#### Problem details
Counting the line with "(0:00.0 to 0:09.5)" as the last one, copy out the lines of the data exactly from the first onward.

The data START

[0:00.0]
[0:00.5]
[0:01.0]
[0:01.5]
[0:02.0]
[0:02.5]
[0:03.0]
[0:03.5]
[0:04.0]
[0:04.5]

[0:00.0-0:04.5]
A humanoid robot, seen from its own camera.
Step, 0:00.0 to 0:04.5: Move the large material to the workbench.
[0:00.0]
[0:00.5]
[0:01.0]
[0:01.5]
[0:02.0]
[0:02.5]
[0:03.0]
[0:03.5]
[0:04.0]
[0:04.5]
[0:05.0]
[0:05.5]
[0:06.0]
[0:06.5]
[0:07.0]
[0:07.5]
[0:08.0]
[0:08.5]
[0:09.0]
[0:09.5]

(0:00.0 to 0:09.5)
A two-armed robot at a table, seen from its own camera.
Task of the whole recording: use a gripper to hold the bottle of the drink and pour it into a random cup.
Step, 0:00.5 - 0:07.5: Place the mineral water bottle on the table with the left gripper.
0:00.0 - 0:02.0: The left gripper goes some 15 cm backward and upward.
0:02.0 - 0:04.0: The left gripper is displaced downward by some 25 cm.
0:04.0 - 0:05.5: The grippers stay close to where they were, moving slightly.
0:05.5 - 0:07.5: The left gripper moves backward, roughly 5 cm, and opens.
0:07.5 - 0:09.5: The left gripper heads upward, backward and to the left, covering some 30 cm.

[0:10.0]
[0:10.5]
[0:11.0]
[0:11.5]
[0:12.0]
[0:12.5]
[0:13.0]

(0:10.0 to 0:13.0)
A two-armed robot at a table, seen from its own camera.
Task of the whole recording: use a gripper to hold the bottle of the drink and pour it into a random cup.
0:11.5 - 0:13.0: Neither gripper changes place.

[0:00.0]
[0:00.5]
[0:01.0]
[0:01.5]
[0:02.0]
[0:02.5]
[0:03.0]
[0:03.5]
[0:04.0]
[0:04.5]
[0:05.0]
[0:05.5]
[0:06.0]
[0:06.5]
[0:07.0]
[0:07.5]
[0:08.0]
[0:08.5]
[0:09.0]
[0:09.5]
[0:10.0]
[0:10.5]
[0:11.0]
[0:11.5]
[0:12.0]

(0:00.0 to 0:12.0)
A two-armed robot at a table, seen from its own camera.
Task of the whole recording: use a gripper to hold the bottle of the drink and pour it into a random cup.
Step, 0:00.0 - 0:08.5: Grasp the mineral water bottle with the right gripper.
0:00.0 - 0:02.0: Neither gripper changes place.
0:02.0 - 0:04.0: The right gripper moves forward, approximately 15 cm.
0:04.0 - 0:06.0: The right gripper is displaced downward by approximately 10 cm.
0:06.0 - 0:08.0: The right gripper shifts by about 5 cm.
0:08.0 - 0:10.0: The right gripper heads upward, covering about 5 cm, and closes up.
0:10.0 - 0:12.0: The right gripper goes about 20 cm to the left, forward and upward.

The data END

#### Reply
[0:00.0]
[0:00.5]
[0:01.0]
[0:01.5]
[0:02.0]
[0:02.5]
[0:03.0]
[0:03.5]
[0:04.0]
[0:04.5]

[0:00.0-0:04.5]
A humanoid robot, seen from its own camera.
Step, 0:00.0 to 0:04.5: Move the large material to the workbench.
[0:00.0]
[0:00.5]
[0:01.0]
[0:01.5]
[0:02.0]
[0:02.5]
[0:03.0]
[0:03.5]
[0:04.0]
[0:04.5]
[0:05.0]
[0:05.5]
[0:06.0]
[0:06.5]
[0:07.0]
[0:07.5]
[0:08.0]
[0:08.5]
[0:09.0]
[0:09.5]

(0:00.0 to 0:09.5)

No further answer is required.